#### What you have to do:
If an entry holds an image, leave that image out and transcribe everything else exactly.

******************************

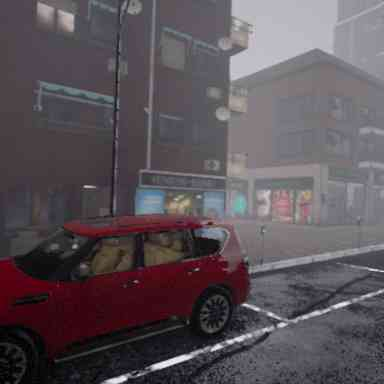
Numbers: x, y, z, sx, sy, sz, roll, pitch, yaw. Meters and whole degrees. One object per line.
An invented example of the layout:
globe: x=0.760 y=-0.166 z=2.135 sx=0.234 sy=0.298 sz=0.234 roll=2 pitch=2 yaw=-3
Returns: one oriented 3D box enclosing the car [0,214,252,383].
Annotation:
car: x=-1.268 y=1.336 z=5.161 sx=5.009 sy=1.841 sz=2.192 roll=1 pitch=1 yaw=-35
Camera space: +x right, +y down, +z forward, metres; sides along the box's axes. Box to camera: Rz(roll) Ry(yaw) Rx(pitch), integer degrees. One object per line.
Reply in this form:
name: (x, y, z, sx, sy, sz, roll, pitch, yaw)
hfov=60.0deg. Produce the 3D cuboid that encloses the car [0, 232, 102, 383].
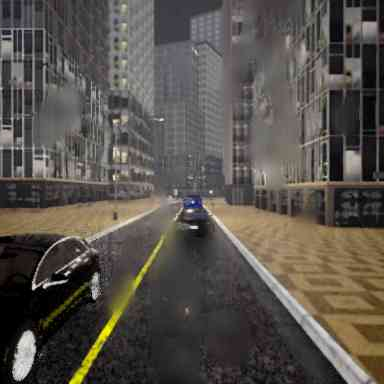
car: (-2.848, 1.505, 5.346, 1.837, 1.490, 4.892, 0, 0, 0)

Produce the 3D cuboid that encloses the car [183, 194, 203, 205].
car: (0.102, 1.252, 38.667, 2.150, 2.045, 5.566, 0, 0, 0)

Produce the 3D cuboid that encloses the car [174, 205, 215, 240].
car: (0.101, 1.572, 17.086, 1.994, 1.385, 4.181, 0, 0, 0)
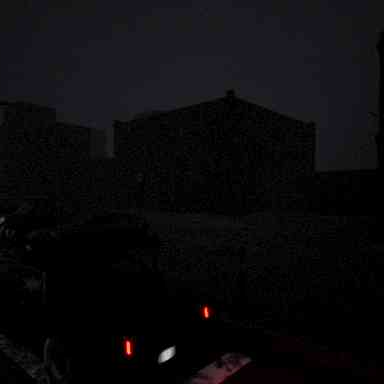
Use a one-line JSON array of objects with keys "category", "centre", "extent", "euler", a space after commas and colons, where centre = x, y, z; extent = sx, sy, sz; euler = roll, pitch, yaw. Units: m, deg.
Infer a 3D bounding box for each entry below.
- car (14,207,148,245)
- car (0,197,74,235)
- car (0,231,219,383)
[{"category": "car", "centre": [-3.929, 1.500, 13.042], "extent": [2.163, 1.488, 4.792], "euler": [0, 0, 43]}, {"category": "car", "centre": [-7.866, 1.316, 16.788], "extent": [2.185, 1.767, 4.553], "euler": [1, 0, 43]}, {"category": "car", "centre": [-2.002, 1.597, 5.307], "extent": [4.718, 1.301, 1.895], "euler": [0, 0, 39]}]
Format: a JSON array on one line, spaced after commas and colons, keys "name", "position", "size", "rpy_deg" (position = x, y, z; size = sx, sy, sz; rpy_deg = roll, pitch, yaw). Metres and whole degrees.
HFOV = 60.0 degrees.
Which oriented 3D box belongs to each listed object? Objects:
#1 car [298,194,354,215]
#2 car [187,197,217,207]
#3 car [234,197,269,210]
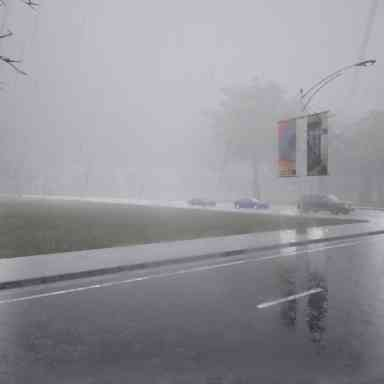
[{"name": "car", "position": [13.524, 1.224, 34.007], "size": [2.150, 2.045, 5.566], "rpy_deg": [0, 0, -36]}, {"name": "car", "position": [1.424, 1.483, 50.583], "size": [2.033, 1.411, 5.357], "rpy_deg": [0, 0, -36]}, {"name": "car", "position": [7.510, 1.444, 42.239], "size": [1.882, 1.535, 5.008], "rpy_deg": [0, 0, -36]}]
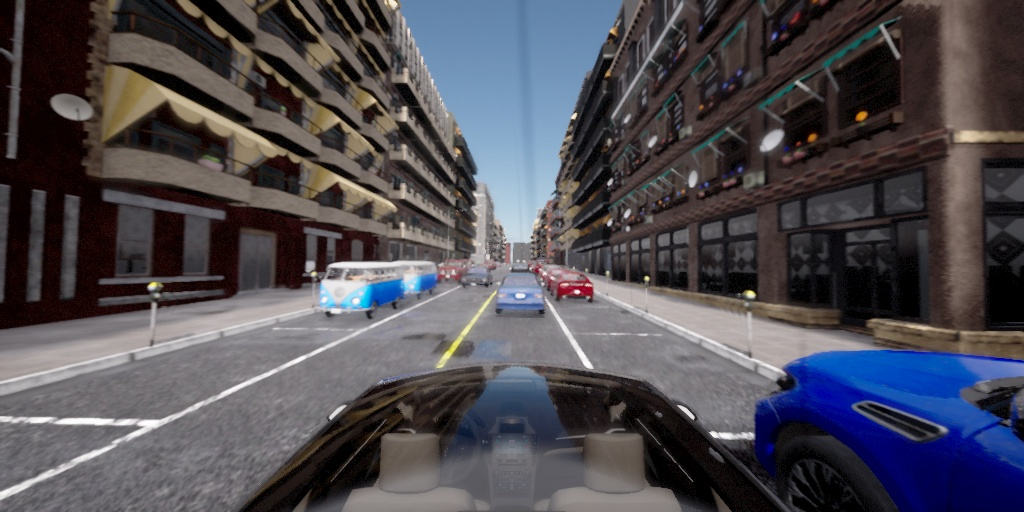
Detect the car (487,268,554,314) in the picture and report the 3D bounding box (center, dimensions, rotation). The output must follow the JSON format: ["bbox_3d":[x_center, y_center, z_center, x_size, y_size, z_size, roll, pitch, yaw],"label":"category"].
[{"bbox_3d":[0.337,1.394,14.442,2.033,1.411,5.357,1,0,1],"label":"car"}]

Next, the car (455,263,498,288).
[{"bbox_3d":[-2.349,1.451,25.440,2.033,1.411,5.357,1,0,1],"label":"car"}]

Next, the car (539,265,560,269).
[{"bbox_3d":[3.007,1.495,23.442,1.888,1.381,4.507,0,0,1],"label":"car"}]

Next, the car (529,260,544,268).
[{"bbox_3d":[3.359,1.411,40.030,2.192,1.841,5.009,0,0,1],"label":"car"}]

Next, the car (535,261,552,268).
[{"bbox_3d":[3.143,1.438,28.971,1.967,1.591,4.097,0,0,1],"label":"car"}]

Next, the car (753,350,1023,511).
[{"bbox_3d":[2.895,1.003,0.376,2.150,2.045,5.566,1,0,1],"label":"car"}]

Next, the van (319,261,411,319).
[{"bbox_3d":[-5.128,1.109,12.629,1.690,1.789,3.998,0,0,1],"label":"van"}]

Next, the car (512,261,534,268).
[{"bbox_3d":[0.750,1.474,32.120,1.882,1.535,5.008,1,0,1],"label":"car"}]

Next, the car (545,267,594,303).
[{"bbox_3d":[2.879,1.449,17.913,1.888,1.381,4.507,0,0,1],"label":"car"}]

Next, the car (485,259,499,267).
[{"bbox_3d":[-3.972,1.540,62.386,2.192,1.841,5.009,0,0,1],"label":"car"}]

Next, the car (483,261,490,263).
[{"bbox_3d":[-4.357,1.624,45.803,1.948,1.339,4.313,0,0,1],"label":"car"}]

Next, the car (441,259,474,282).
[{"bbox_3d":[-4.743,1.222,29.216,2.192,1.841,5.009,0,0,1],"label":"car"}]

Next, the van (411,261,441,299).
[{"bbox_3d":[-5.000,1.154,18.159,1.690,1.789,3.998,0,0,1],"label":"van"}]
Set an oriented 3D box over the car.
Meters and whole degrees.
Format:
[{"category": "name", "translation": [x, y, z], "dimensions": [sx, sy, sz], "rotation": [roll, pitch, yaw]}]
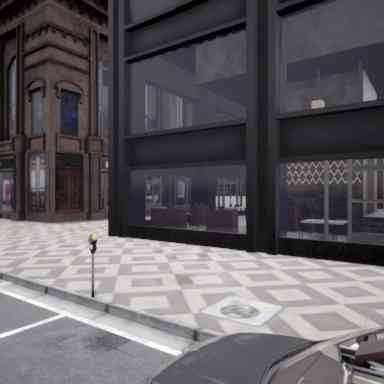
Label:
[{"category": "car", "translation": [1.559, 1.551, 1.853], "dimensions": [4.403, 1.369, 2.008], "rotation": [0, 0, 35]}]
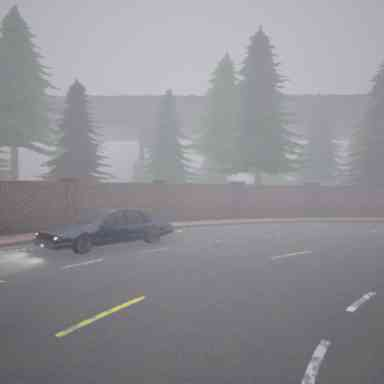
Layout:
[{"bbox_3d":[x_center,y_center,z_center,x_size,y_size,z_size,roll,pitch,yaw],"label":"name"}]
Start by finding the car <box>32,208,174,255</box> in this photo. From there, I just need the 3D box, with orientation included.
[{"bbox_3d":[-3.081,1.345,12.781,2.033,1.411,5.357,1,1,43],"label":"car"}]
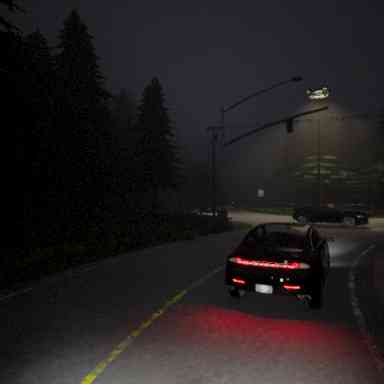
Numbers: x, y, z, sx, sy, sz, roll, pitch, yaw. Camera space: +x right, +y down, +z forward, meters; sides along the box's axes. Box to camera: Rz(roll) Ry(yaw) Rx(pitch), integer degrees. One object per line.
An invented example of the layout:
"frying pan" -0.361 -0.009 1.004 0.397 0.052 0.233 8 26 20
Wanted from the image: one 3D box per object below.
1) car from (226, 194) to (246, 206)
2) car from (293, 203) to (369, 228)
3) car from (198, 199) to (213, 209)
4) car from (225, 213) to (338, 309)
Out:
"car" 7.387 1.341 57.196 2.150 2.045 5.566 0 0 35
"car" 9.343 1.548 22.800 4.902 1.511 2.128 0 0 37
"car" 1.808 1.592 38.399 1.837 1.490 4.892 -1 0 -3
"car" 2.278 1.505 8.095 2.128 1.511 4.902 0 0 24
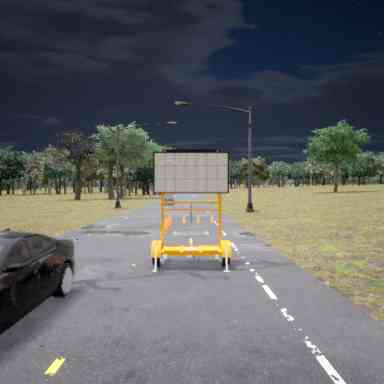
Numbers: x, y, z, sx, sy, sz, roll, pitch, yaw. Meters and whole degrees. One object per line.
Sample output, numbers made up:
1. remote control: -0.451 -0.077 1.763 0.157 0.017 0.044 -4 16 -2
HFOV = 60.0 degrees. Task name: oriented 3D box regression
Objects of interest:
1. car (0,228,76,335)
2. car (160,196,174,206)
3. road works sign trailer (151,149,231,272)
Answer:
1. car: -3.613 1.471 5.711 1.882 1.535 5.008 0 0 0
2. car: -3.628 1.303 49.064 2.033 1.411 5.357 0 1 0
3. road works sign trailer: -0.027 0.445 10.685 2.380 3.560 2.880 0 0 0
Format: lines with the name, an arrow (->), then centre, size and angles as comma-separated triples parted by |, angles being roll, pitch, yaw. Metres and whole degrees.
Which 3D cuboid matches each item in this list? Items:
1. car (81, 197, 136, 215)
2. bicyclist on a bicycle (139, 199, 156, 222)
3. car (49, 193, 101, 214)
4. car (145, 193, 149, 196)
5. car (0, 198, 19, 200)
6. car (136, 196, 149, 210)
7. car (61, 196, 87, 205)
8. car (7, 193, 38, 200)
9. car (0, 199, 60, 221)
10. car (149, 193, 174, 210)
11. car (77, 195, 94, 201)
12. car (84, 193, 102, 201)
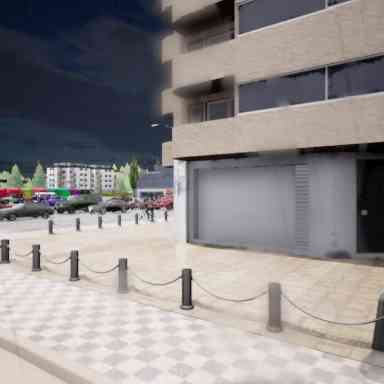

******************************

#### Finished exercise:
Numbers: x, y, z, sx, sy, sz, roll, pitch, yaw. Meters and whole degrees. One object per line.
An invented example of the layout:
globe: x=0.760 y=-0.166 z=2.135 sx=0.234 sy=0.298 sz=0.234 roll=2 pitch=2 yaw=-3
Returns: one oriented 3D box enclosing the car [0,214,252,383].
Annotation:
car: x=-1.268 y=1.336 z=5.161 sx=5.009 sy=1.841 sz=2.192 roll=1 pitch=1 yaw=-35
Camera space: +x right, +y down, +z forward, metres; sides along the box's axes. Box to camera: Rz(roll) Ry(yaw) Rx(pitch), integer degrees. One object per line.
Reply in this form:
name: (x, y, z, sx, sy, sz, roll, pitch, yaw)
hfov=60.0deg. Produce the 3D cuboid that encloses the car [0, 232, 102, 383].
car: (-2.848, 1.505, 5.346, 1.837, 1.490, 4.892, 0, 0, 0)

Produce the 3D cuboid that encloses the car [183, 194, 203, 205].
car: (0.102, 1.252, 38.667, 2.150, 2.045, 5.566, 0, 0, 0)

Produce the 3D cuboid that encloses the car [174, 205, 215, 240].
car: (0.101, 1.572, 17.086, 1.994, 1.385, 4.181, 0, 0, 0)
Use a one-line JSON array of objects with keys "category", "centre", "extent", "euler", a space after commas and colons, where centre = x, y, z; extent = sx, sy, sz; euler = roll, pitch, yaw. Units: m, deg.
Infer a 3D bounding box for each entry below.
- car (14,207,148,245)
- car (0,197,74,235)
- car (0,231,219,383)
[{"category": "car", "centre": [-3.929, 1.500, 13.042], "extent": [2.163, 1.488, 4.792], "euler": [0, 0, 43]}, {"category": "car", "centre": [-7.866, 1.316, 16.788], "extent": [2.185, 1.767, 4.553], "euler": [1, 0, 43]}, {"category": "car", "centre": [-2.002, 1.597, 5.307], "extent": [4.718, 1.301, 1.895], "euler": [0, 0, 39]}]
Format: a JSON array on one line, spaced after commas and colons, keys "name", "position", "size", "rpy_deg" (position = x, y, z; size = sx, sy, sz; rpy_deg = roll, pitch, yaw). Metres and whole degrees.
HFOV = 60.0 degrees.
Which oriented 3D box belongs to each listed object? Objects:
#1 car [298,194,354,215]
#2 car [187,197,217,207]
#3 car [234,197,269,210]
[{"name": "car", "position": [13.524, 1.224, 34.007], "size": [2.150, 2.045, 5.566], "rpy_deg": [0, 0, -36]}, {"name": "car", "position": [1.424, 1.483, 50.583], "size": [2.033, 1.411, 5.357], "rpy_deg": [0, 0, -36]}, {"name": "car", "position": [7.510, 1.444, 42.239], "size": [1.882, 1.535, 5.008], "rpy_deg": [0, 0, -36]}]
Detect the car (487,268,554,314) in the picture and report the 3D bounding box (center, dimensions, rotation). The output must follow the JSON format: ["bbox_3d":[x_center, y_center, z_center, x_size, y_size, z_size, roll, pitch, yaw],"label":"category"].
[{"bbox_3d":[0.337,1.394,14.442,2.033,1.411,5.357,1,0,1],"label":"car"}]

Next, the car (455,263,498,288).
[{"bbox_3d":[-2.349,1.451,25.440,2.033,1.411,5.357,1,0,1],"label":"car"}]

Next, the car (539,265,560,269).
[{"bbox_3d":[3.007,1.495,23.442,1.888,1.381,4.507,0,0,1],"label":"car"}]

Next, the car (529,260,544,268).
[{"bbox_3d":[3.359,1.411,40.030,2.192,1.841,5.009,0,0,1],"label":"car"}]

Next, the car (535,261,552,268).
[{"bbox_3d":[3.143,1.438,28.971,1.967,1.591,4.097,0,0,1],"label":"car"}]

Next, the car (753,350,1023,511).
[{"bbox_3d":[2.895,1.003,0.376,2.150,2.045,5.566,1,0,1],"label":"car"}]

Next, the van (319,261,411,319).
[{"bbox_3d":[-5.128,1.109,12.629,1.690,1.789,3.998,0,0,1],"label":"van"}]

Next, the car (512,261,534,268).
[{"bbox_3d":[0.750,1.474,32.120,1.882,1.535,5.008,1,0,1],"label":"car"}]

Next, the car (545,267,594,303).
[{"bbox_3d":[2.879,1.449,17.913,1.888,1.381,4.507,0,0,1],"label":"car"}]

Next, the car (485,259,499,267).
[{"bbox_3d":[-3.972,1.540,62.386,2.192,1.841,5.009,0,0,1],"label":"car"}]

Next, the car (483,261,490,263).
[{"bbox_3d":[-4.357,1.624,45.803,1.948,1.339,4.313,0,0,1],"label":"car"}]

Next, the car (441,259,474,282).
[{"bbox_3d":[-4.743,1.222,29.216,2.192,1.841,5.009,0,0,1],"label":"car"}]

Next, the van (411,261,441,299).
[{"bbox_3d":[-5.000,1.154,18.159,1.690,1.789,3.998,0,0,1],"label":"van"}]
Set an oriented 3D box over the car.
Meters and whole degrees.
Format:
[{"category": "name", "translation": [x, y, z], "dimensions": [sx, sy, sz], "rotation": [roll, pitch, yaw]}]
Label:
[{"category": "car", "translation": [1.559, 1.551, 1.853], "dimensions": [4.403, 1.369, 2.008], "rotation": [0, 0, 35]}]
Layout:
[{"bbox_3d":[x_center,y_center,z_center,x_size,y_size,z_size,roll,pitch,yaw],"label":"name"}]
Start by finding the car <box>32,208,174,255</box> in this photo. From there, I just need the 3D box, with orientation included.
[{"bbox_3d":[-3.081,1.345,12.781,2.033,1.411,5.357,1,1,43],"label":"car"}]
Numbers: x, y, z, sx, sy, sz, roll, pitch, yaw. Camera space: +x right, +y down, +z forward, meters; sides along the box's axes. Box to camera: Rz(roll) Ry(yaw) Rx(pitch), integer degrees. One object per line.
An invented example of the layout:
"frying pan" -0.361 -0.009 1.004 0.397 0.052 0.233 8 26 20
Wanted from the image: one 3D box per object below.
1) car from (226, 194) to (246, 206)
2) car from (293, 203) to (369, 228)
3) car from (198, 199) to (213, 209)
4) car from (225, 213) to (338, 309)
Out:
"car" 7.387 1.341 57.196 2.150 2.045 5.566 0 0 35
"car" 9.343 1.548 22.800 4.902 1.511 2.128 0 0 37
"car" 1.808 1.592 38.399 1.837 1.490 4.892 -1 0 -3
"car" 2.278 1.505 8.095 2.128 1.511 4.902 0 0 24
Numbers: x, y, z, sx, sy, sz, roll, pitch, yaw. Meters and whole degrees. One object per line.
Sample output, numbers made up:
1. remote control: -0.451 -0.077 1.763 0.157 0.017 0.044 -4 16 -2
HFOV = 60.0 degrees. Task name: oriented 3D box regression
Objects of interest:
1. car (0,228,76,335)
2. car (160,196,174,206)
3. road works sign trailer (151,149,231,272)
Answer:
1. car: -3.613 1.471 5.711 1.882 1.535 5.008 0 0 0
2. car: -3.628 1.303 49.064 2.033 1.411 5.357 0 1 0
3. road works sign trailer: -0.027 0.445 10.685 2.380 3.560 2.880 0 0 0
Format: lines with the name, an arrow (->), then centre, size and angles as comma-separated triples parted by |, angles being roll, pitch, yaw. Metres and whole degrees.
Which 3D cuboid matches each item in this list? Items:
1. car (81, 197, 136, 215)
2. bicyclist on a bicycle (139, 199, 156, 222)
3. car (49, 193, 101, 214)
4. car (145, 193, 149, 196)
5. car (0, 198, 19, 200)
6. car (136, 196, 149, 210)
7. car (61, 196, 87, 205)
8. car (7, 193, 38, 200)
9. car (0, 199, 60, 221)
10. car (149, 193, 174, 210)
11. car (77, 195, 94, 201)
12. car (84, 193, 102, 201)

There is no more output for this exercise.